The vertical structure of the stellar disk in NGC 551

We self-consistently determine the 3D density distribution of NGC 551's stellar disk and study observational signatures of two-component stellar disks. Assuming baryonic disks are in hydrostatic equilibrium, we solved the Poisson-Boltzmann equation to estimate 3D density distribution. We used integral-field spectroscopic observations to estimate stellar velocity dispersion and built a 3D dynamical model using these density solutions and the observed rotation curve. We generated simulated surface brightness maps and compared them with observations to verify modeling consistency. The dynamical model was inclined to 90° to produce an edge-on surface density map, which we investigated by fitting different 2D functions and plotting vertical cuts in logarithmic scale. We estimated vertical stellar velocity dispersion using an iterative method, obtaining results consistent with the Disk Mass Survey formalism. Through dynamical modeling, we produced moment maps that reasonably matched observations.
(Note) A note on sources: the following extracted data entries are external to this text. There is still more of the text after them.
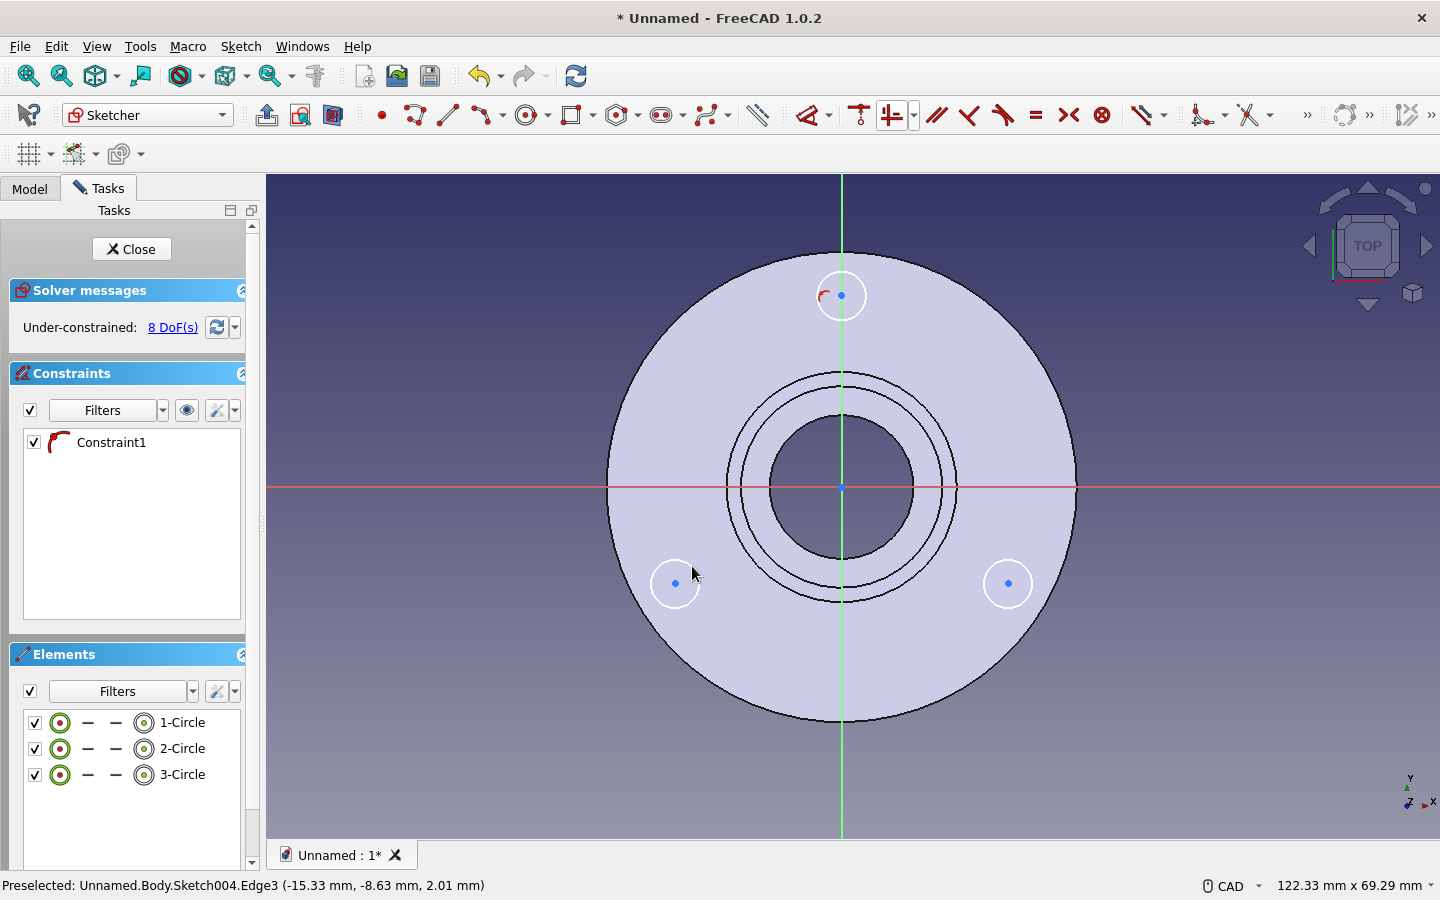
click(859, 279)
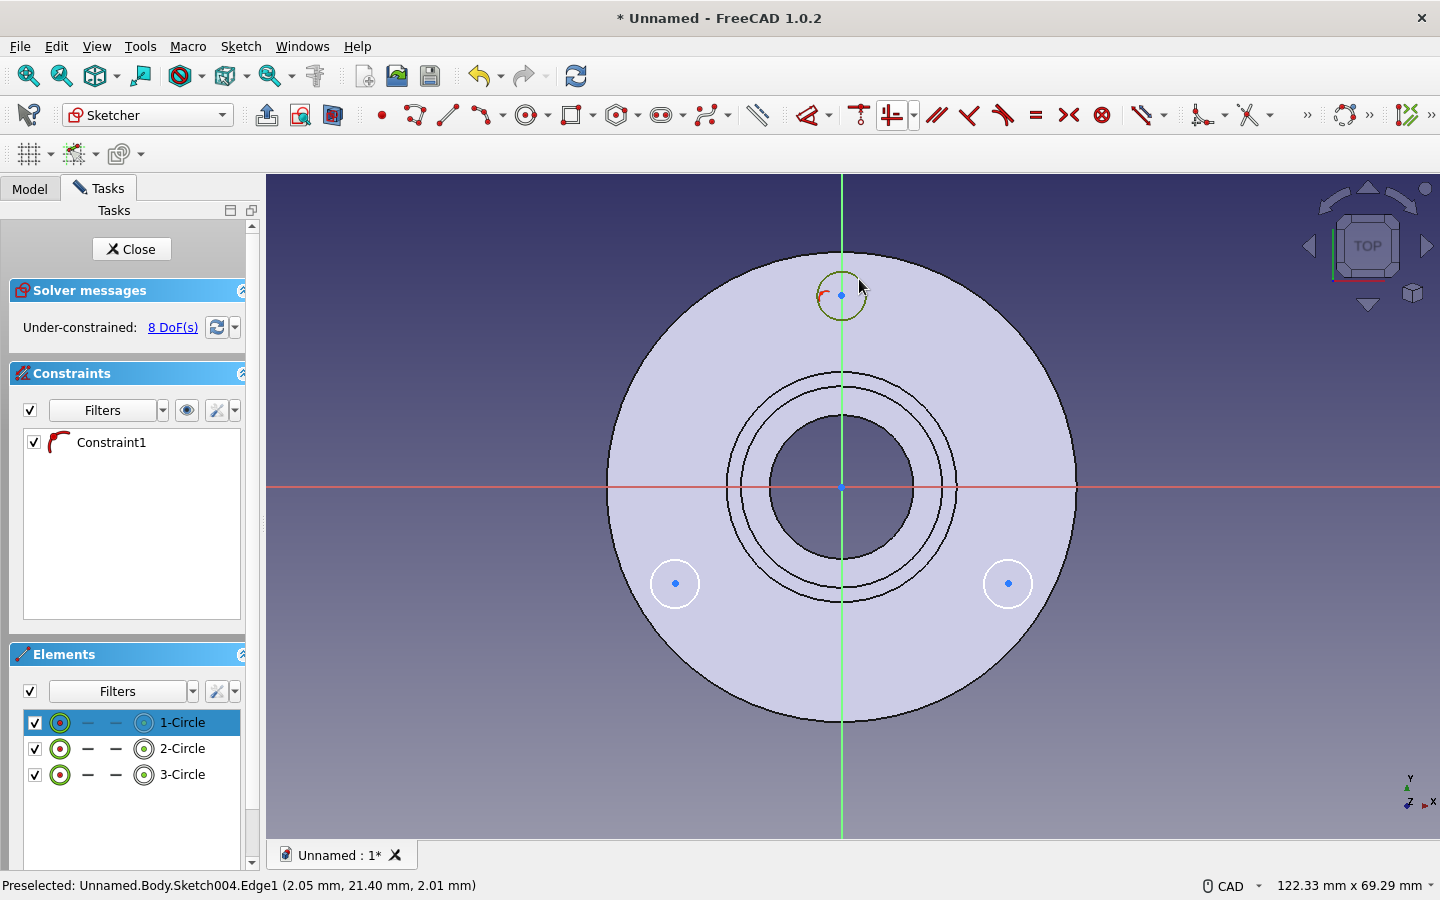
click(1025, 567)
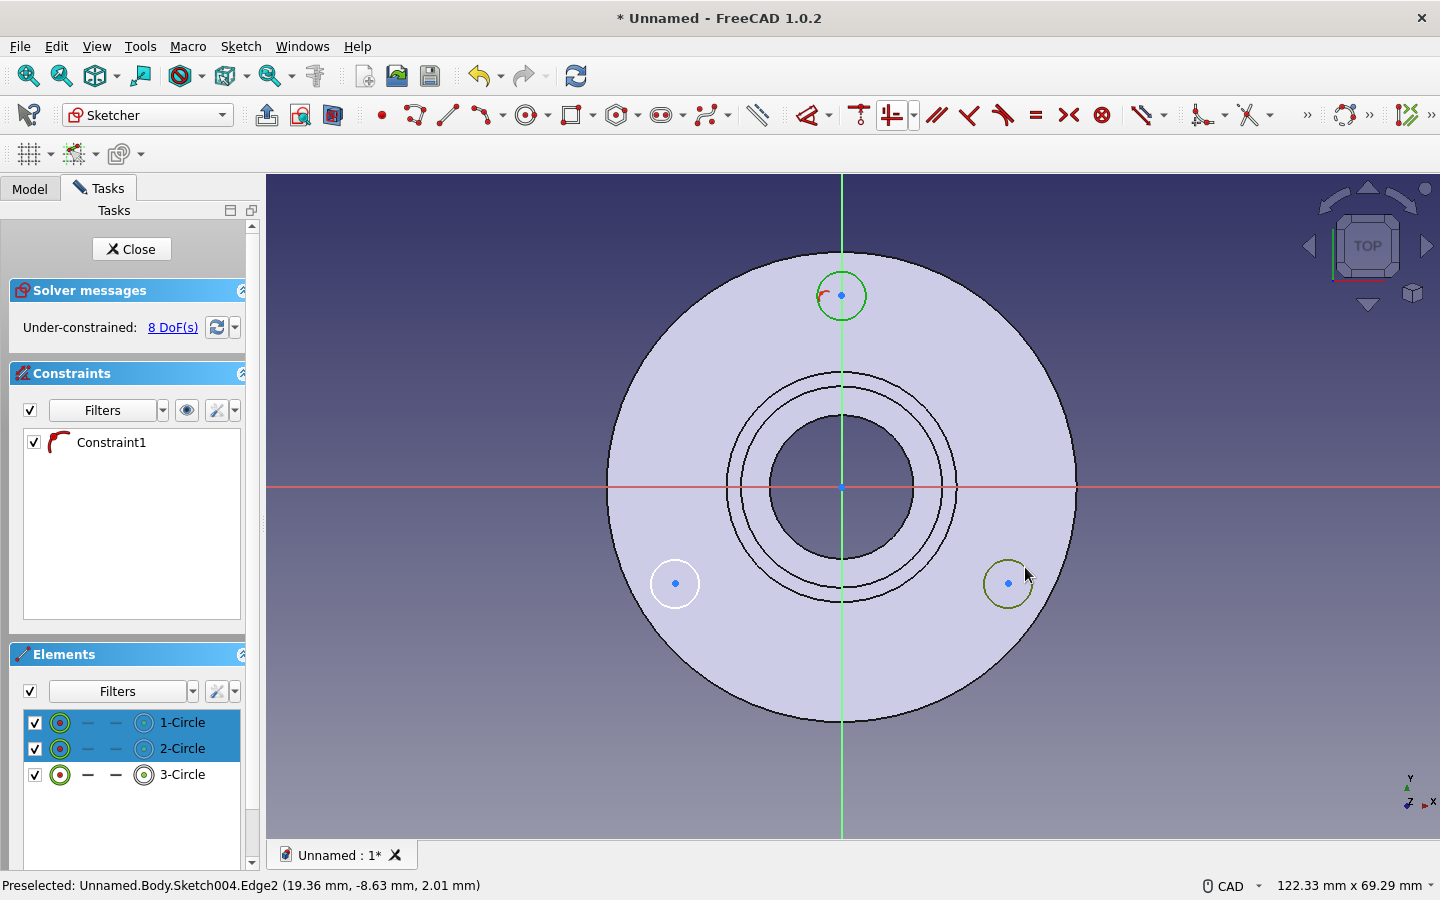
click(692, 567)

We examined the simulated edge-on model by taking vertical cuts and decomposing them into multiple Gaussian components. We find that artificial double Gaussian components arise due to line-of-sight integration effects, even for single-component disks. This indicates that decomposing vertical intensity cuts into multiple Gaussian components is unreliable for multicomponent disks. Instead, an up-bending break visible in logarithmic-scale vertical cuts serves as a more reliable indicator for two-component disks. We performed 2D fitting on the edge-on surface density map using the product of a scaled modified Bessel function and $sech^2$ function to estimate structural parameters. These traditional methods systematically underestimate the scale length and flattening ratio. Therefore, we suggest using detailed modeling to accurately deduce stellar disk structural parameters.